The bug, according to what reported by AMD, would consist in a lack of security control by the processor in the execution of the code: the latter executes code in a speculative manner, thus going to execute instructions before they are actually required. If a check is missing, however, of the current privilege level (if a user program is running, then) and code is run in kernel mode, the above situation would be created. At the moment there are many details that allow us to fully understand what happens and we go by hypothesis, so this conclusion is to be taken with the pliers.

The bug correction intervenes at the operating system level by implementing a Kernel Page Table Isolation or KPTI, which makes the kernel invisible to processes that are running in the CPU: the page cache is then emptied and reloaded at each context switch, done which significantly increases the overhead given by the kernel.

The software fix is ​​required necessarily because the bug can only be corrected at the hardware level , and it will be with future processor versions that Intel will put on the market. The software solution, however, has an obvious contraindication: according to the information available at present it introduces a negative impact on the performance quantified in 5% at a minimum and in 30-35% as a maximum. The actual percentage varies greatly from the type of application and could be well below the 30% budgeted, but it is clear how the use of the patch leads to negative repercussions in terms of performance.

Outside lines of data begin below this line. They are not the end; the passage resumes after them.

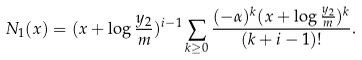<formula> <loc_0><loc_0><loc_500><loc_500>N _ { 1 } ( x ) = ( x + \log \frac { y _ { 2 } } { m } ) ^ { i - 1 } \sum _ { k \geq 0 } \frac { ( - \alpha ) ^ { k } ( x + \log \frac { y _ { 2 } } { m } ) ^ { k } } { ( k + i - 1 ) ! } .</formula> 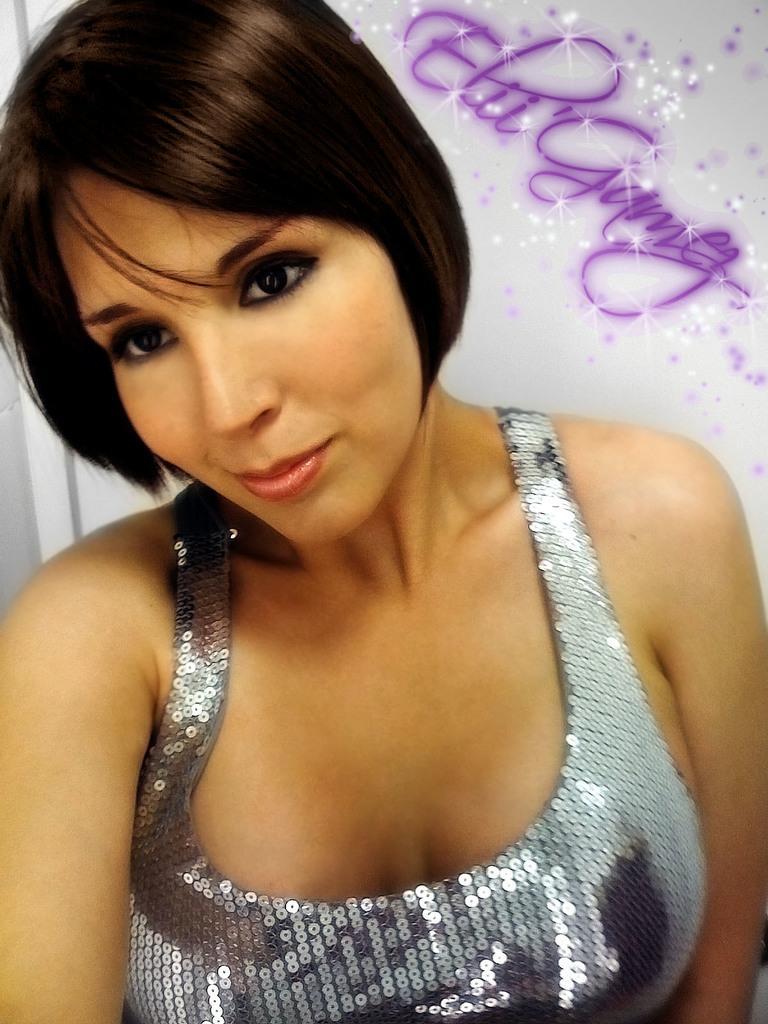Describe this image in one or two sentences. In the given image i can see a lady and behind her i can see some text. 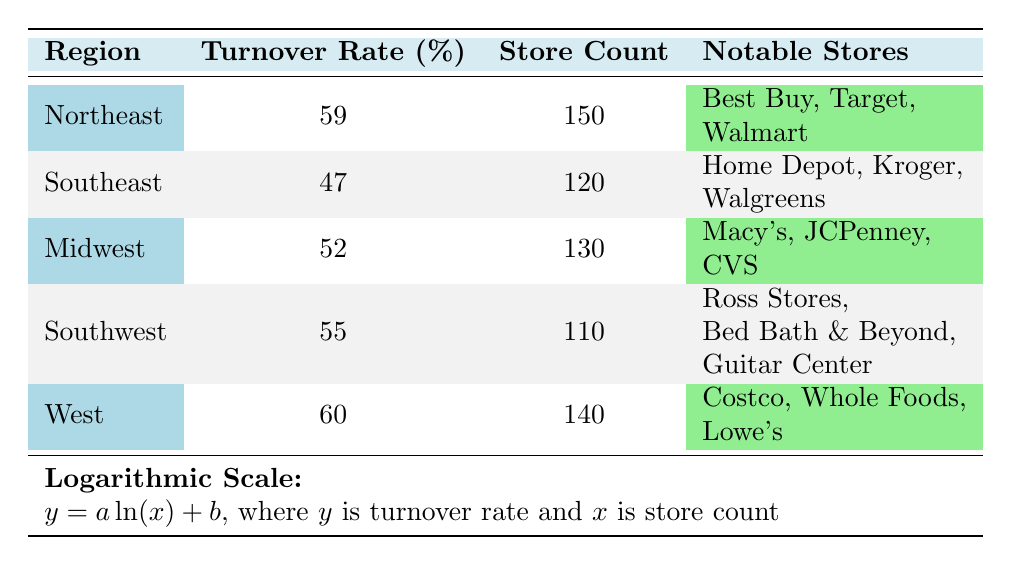What is the average turnover rate for the Northeast region? The table lists the average turnover rate for the Northeast region as 59%.
Answer: 59% Which region has the lowest average turnover rate? By examining the table, the Southeast region shows an average turnover rate of 47%, which is lower than all other regions.
Answer: Southeast How many notable stores are listed for the Midwest region? The Midwest region has three notable stores: Macy's, JCPenney, and CVS, which can be confirmed by reviewing the notable stores column for that region.
Answer: 3 What is the difference in average turnover rate between the West and Southeast regions? The West region has an average turnover rate of 60%, while the Southeast has 47%. The difference is calculated as 60 - 47 = 13.
Answer: 13 Is it true that the Southwest region has more stores than the Southeast region? The Southwest region has 110 stores, while the Southeast has 120 stores. Therefore, it is false that the Southwest has more stores.
Answer: No What is the total number of stores in the Northeast and Southwest regions combined? The Northeast region has 150 stores and the Southwest has 110. Adding these together gives 150 + 110 = 260.
Answer: 260 Which region has notable stores listed as 'Home Depot, Kroger, Walgreens'? These notable stores belong to the Southeast region, as indicated in the notable stores column for that region.
Answer: Southeast If average turnover rates were to be ranked, what would be the rank of the Midwest region? The average turnover rates in descending order are: West (60), Northeast (59), Southwest (55), Midwest (52), and Southeast (47). Hence, the Midwest is ranked 4th among the 5 regions.
Answer: 4th

The practical consequence is that systems based on Intel CPUs are currently subject to an evident performance penalty needed to correct the bug and prevent security problems from arising . Thinking about the number of Intel CPU-based server systems in the world, it’s easy to understand how vast the scope of this bug is and the risks that its presence can generate in terms of attacks.

The bug is, as reported, present within the Intel processors, while there are no problems with those AMD . These CPUs do not allow direct memory references, including the speculative references mentioned above, that prevent the occurrence of this bug. Currently, the Linux kernel identifies as potentially unsafe Intel and AMD processors, forcing the bugfix to be enabled with all CPUs and therefore generating a negative performance impact even with AMD processors. The American company recommends, at the current time, not to enable this patch as it is not required for its architectures.

We will see in the next few days what additional information will emerge, and if Intel will release an official position. In addition to this it will be important to evaluate the performance impacts on typical usage scenarios both in the user and in the server.